What you will do →
Go to the line containing "Answer yes or no. No. Is Crimson" in the records below. Repeat it and the lines after it exactly, all the way to the end.
* * *
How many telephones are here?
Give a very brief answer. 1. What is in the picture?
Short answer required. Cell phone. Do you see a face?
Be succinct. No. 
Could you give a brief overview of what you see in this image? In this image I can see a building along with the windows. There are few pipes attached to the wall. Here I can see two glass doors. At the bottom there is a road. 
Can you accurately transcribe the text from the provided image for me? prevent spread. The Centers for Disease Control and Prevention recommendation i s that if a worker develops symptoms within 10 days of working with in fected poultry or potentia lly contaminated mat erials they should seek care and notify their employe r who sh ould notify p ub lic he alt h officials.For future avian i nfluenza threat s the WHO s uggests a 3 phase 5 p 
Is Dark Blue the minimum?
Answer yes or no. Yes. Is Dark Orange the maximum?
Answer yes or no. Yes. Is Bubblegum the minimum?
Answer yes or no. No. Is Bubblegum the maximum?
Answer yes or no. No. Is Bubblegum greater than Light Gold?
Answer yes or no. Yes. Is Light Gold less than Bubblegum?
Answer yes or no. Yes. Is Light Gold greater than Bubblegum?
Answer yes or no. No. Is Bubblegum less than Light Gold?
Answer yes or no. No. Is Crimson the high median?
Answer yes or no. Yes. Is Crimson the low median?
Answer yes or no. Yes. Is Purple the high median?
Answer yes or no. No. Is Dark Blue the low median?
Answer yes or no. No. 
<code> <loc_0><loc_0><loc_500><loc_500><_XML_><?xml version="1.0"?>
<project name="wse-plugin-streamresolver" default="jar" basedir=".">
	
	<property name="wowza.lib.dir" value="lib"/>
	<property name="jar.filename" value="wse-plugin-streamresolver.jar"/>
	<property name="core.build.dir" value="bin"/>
* * *
Task result →
Answer yes or no. No. Is Crimson the high median?
Answer yes or no. Yes. Is Crimson the low median?
Answer yes or no. Yes. Is Purple the high median?
Answer yes or no. No. Is Dark Blue the low median?
Answer yes or no. No. 
<code> <loc_0><loc_0><loc_500><loc_500><_XML_><?xml version="1.0"?>
<project name="wse-plugin-streamresolver" default="jar" basedir=".">
	
	<property name="wowza.lib.dir" value="lib"/>
	<property name="jar.filename" value="wse-plugin-streamresolver.jar"/>
	<property name="core.build.dir" value="bin"/>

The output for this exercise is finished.